In the listing below, find the line with "rotation: [-12, 47, 8]" and the line with "5) metal rod (744, 424, 1387, 1440)". Repeat those two lines and all lines between them exactly.
--- START ---
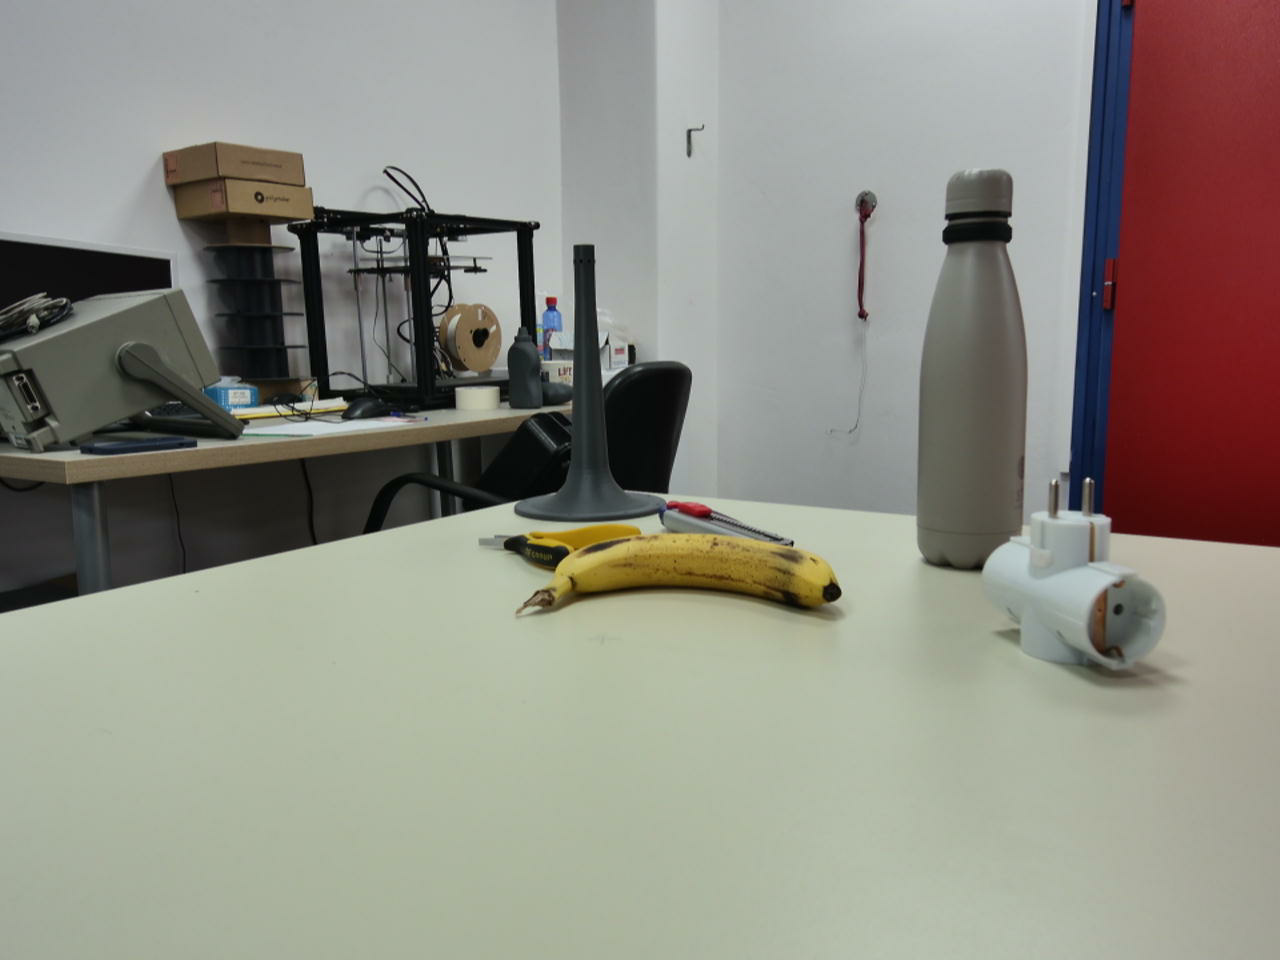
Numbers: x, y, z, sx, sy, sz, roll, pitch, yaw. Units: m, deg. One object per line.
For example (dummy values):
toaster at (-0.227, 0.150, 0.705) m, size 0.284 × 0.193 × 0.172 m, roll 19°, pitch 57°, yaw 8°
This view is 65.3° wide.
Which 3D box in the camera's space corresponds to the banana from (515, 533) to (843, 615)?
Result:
--- END ---
--- START ---
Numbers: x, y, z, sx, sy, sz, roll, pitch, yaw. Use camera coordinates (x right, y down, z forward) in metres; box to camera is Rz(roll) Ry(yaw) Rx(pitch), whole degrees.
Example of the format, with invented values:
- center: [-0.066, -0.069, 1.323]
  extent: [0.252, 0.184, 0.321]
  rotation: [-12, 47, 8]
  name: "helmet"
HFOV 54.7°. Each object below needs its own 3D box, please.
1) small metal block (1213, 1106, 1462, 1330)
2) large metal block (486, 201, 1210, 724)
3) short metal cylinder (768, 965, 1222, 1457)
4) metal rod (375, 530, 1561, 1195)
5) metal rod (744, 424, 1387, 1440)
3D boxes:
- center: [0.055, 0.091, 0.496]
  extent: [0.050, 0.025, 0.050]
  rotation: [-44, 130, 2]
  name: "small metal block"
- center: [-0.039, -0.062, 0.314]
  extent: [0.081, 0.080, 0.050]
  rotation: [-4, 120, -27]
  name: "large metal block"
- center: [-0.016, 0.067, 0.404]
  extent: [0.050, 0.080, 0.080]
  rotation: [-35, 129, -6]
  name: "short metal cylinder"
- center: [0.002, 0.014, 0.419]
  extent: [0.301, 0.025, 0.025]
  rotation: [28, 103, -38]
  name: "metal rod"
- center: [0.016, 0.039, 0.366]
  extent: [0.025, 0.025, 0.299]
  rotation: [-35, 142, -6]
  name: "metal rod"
--- END ---
--- START ---
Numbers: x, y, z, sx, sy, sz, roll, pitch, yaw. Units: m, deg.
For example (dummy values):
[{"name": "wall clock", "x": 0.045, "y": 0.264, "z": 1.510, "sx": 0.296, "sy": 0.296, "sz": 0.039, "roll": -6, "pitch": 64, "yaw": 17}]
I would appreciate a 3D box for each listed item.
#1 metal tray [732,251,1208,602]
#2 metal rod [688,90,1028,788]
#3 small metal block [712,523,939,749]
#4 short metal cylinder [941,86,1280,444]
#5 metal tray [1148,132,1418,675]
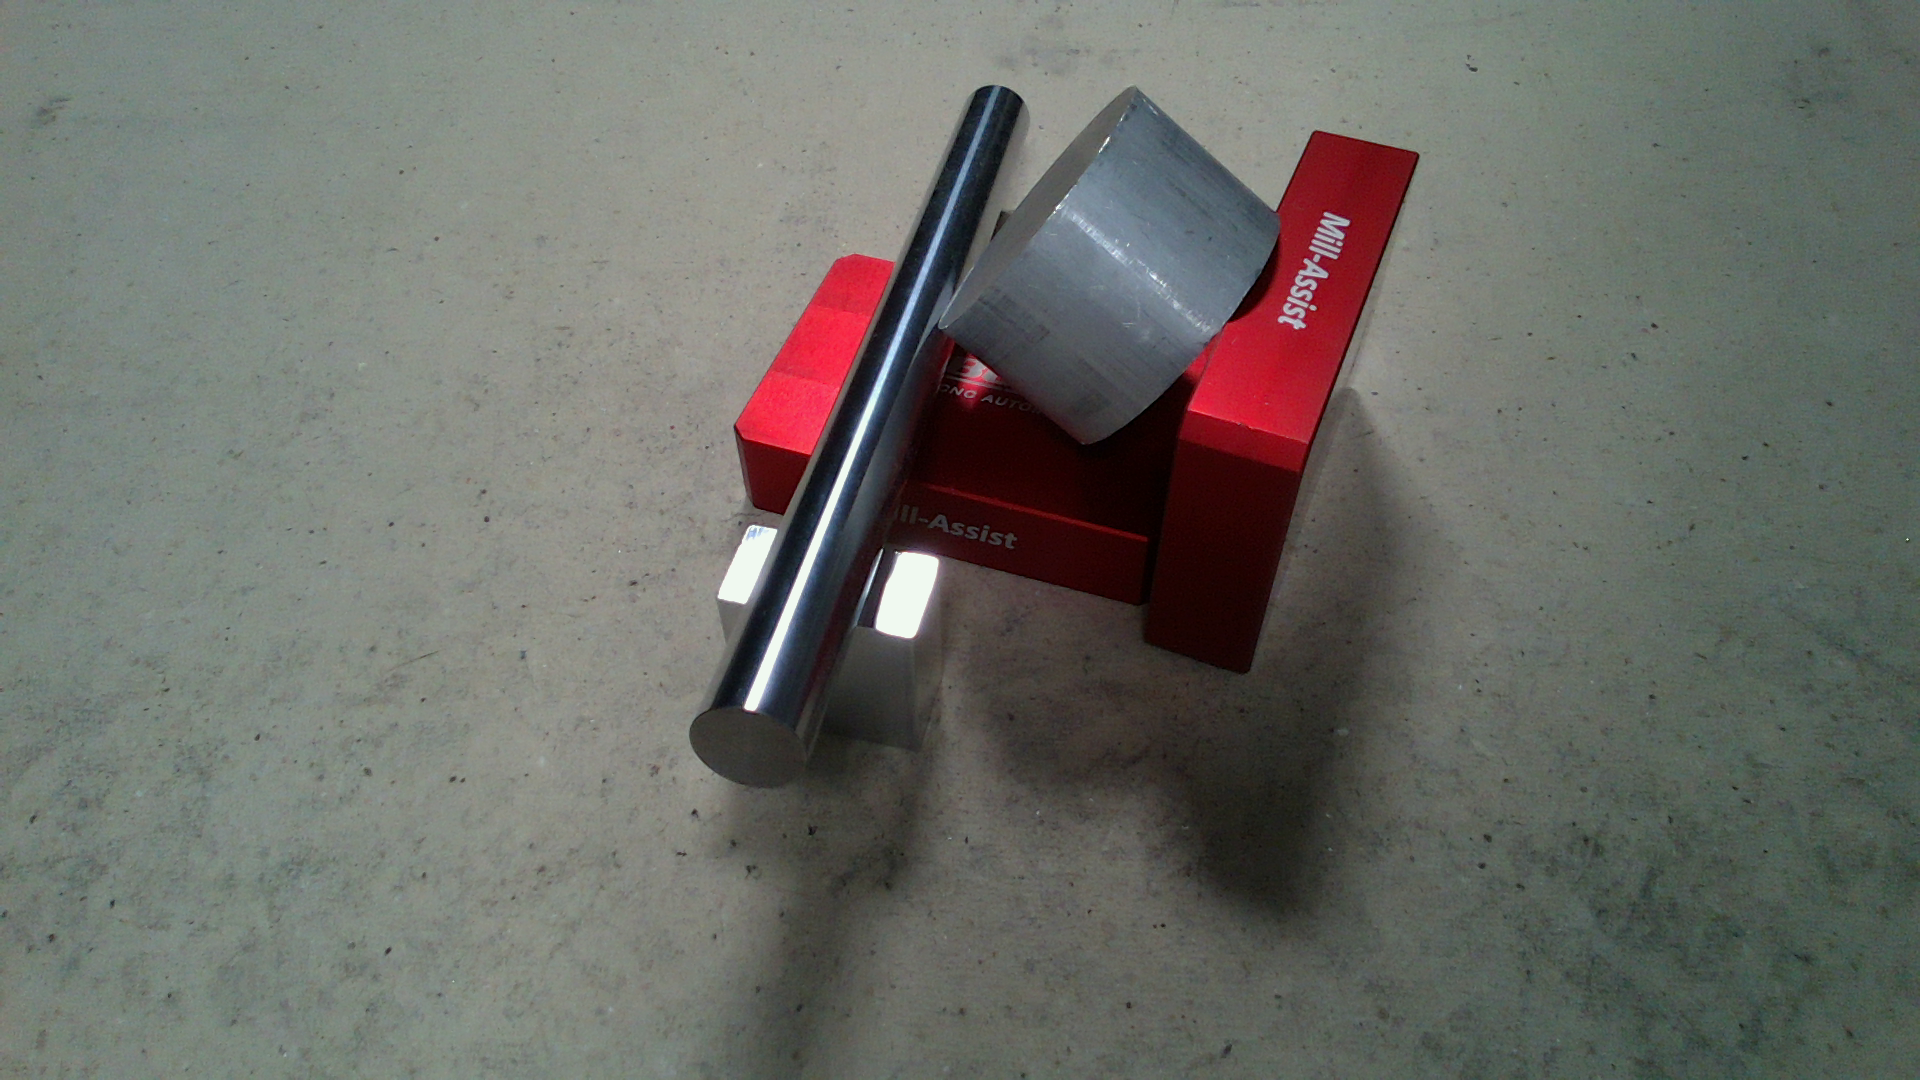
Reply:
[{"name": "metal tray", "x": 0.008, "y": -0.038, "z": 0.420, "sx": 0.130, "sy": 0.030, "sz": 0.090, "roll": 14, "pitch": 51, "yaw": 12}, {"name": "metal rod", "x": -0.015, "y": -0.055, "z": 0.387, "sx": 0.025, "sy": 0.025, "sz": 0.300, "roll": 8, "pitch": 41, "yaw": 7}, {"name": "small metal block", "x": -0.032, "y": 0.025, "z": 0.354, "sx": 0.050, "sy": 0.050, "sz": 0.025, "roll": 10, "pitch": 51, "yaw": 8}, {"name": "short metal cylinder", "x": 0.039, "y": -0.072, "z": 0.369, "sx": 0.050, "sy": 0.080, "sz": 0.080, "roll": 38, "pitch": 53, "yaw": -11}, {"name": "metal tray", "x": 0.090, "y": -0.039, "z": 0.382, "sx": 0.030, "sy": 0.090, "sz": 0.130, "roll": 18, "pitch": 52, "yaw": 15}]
--- END ---
**ANSWER TO THIS TASK**
  rotation: [-12, 47, 8]
  name: "helmet"
HFOV 54.7°. Each object below needs its own 3D box, please.
1) small metal block (1213, 1106, 1462, 1330)
2) large metal block (486, 201, 1210, 724)
3) short metal cylinder (768, 965, 1222, 1457)
4) metal rod (375, 530, 1561, 1195)
5) metal rod (744, 424, 1387, 1440)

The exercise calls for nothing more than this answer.